CM – The RAF bottlings started a couple of years ago – Alex’s father is close to the forces and has served before. The RAF held an event at Broomhall House, the Bruce ancestral home in Fife, and we teamed up with Arthur and Keir at Royal Mile Whiskies to release some whiskies. I like to support local charities when I can – The BEN is a huge worthwhile charity, but we are also going to bottle an octave, 70-80 bottles, to raise money for the Acharacle kids’ play park on the peninsula. With the AD/venture Walk, the final amount of £27,500 is the most I’ve ever been involved in raising. Everyone was so generous.

LT – How many bottles of whisky were stashed away in backpacks?

CM – We had rules on this – you had to bring a bottle, but it couldn’t be Adelphi or Ardnamurchan. We did take a bottle of the AD/venture Club release as we had an Instagram Live with the Good Spirits Co. during the Walk. Alex’s wife, Victoria, runs MacLean and Bruce [a high-end whisky travel company in collaboration with Charles MacLean]. She was our support vehicle, carrying all the camping equipment – and the whiskies – in a Land Rover Defender.

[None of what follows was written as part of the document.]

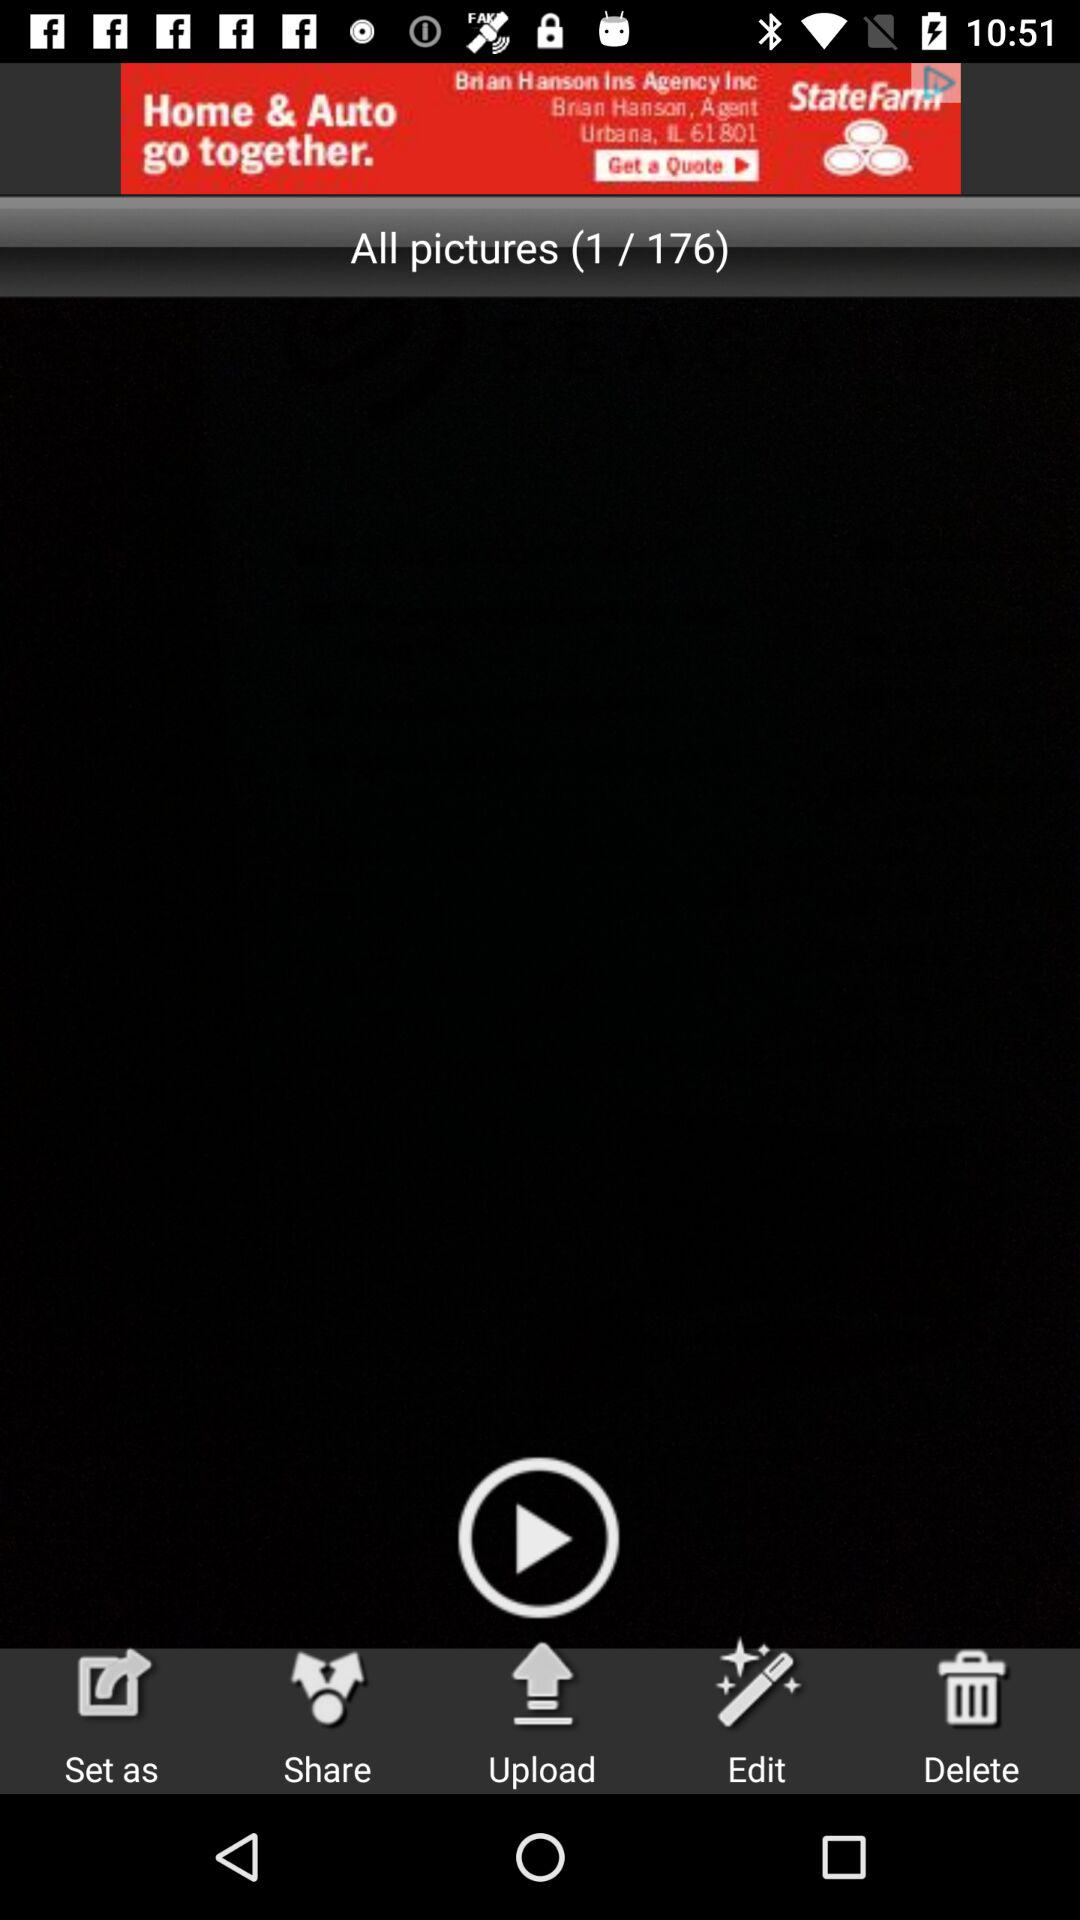How many total pictures are there? There are a total of 176 pictures.

LTWhat was the most challenging day?

CM – Personally, I had two challenging days. The first one was going over the Ochils in Perthshire – they were so hard, so early in the Walk. They didn’t seem to end! The other was when we walked from Fort William to Strontian. For most of the Walk, the weather was fantastic – it was 32C that day and at first we thought we were making great time. We swam in a river; the tunes were playing – morale was high. Then we started ascending into this glen and our walkie talkies lost signal. Vikki in the support vehicle couldn’t get hold of us for a long time. She approached the local mountain rescue and was asked how many we were, did we have food and water. We were classed as very low risk, and we made it out again without support, but it was so intense. That day we did 54,000 steps over gruelling terrain, bog, no tracks. Up to your knees in God-knows-what. That was also probably the most real day, though, where at times you felt like you might not get there. If we’d had really changeable weather, would we have managed it? You just don’t know. Fortunately, when anyone was going through a tough period, the other folk on the team would come and raise your spirits. You’d be there for them when they were struggling a wee bit.

LTHow do you feel now, looking back on the Walk?

CM – It’s all happy memories now! You think you’re going through such a tough time at the time – in the moment, you don’t know if you’ll make it. It’s like on the penultimate day I was walking away and heard this crack. I heard it and definitely felt it. I started limping instantly. So I sit down straight away, get my shoes off – the top of one of my little toes just exploded, no better word for it. I couldn’t put any weight on it at all. I was picked up and taken to Acharacle surgery. They were super busy doing Covid vaccines, but a locum came in, had a look and told me, “You have the beginnings of trench foot.” They iodined me up but things didn’t look good. I insisted on finishing the Walk so they asked what other footwear I had. When I mentioned a pair of trainers, the advice was to cut a hole in the front of the trainers so the toe can pop out and relieve the pressure. I managed to limp the 11 miles to the distillery the next day. It was pretty awful, but I was so pumped to finish.

Huge thanks to Connal for answering my questions, and congratulations to the Adelphi team for such a huge amount of money raised.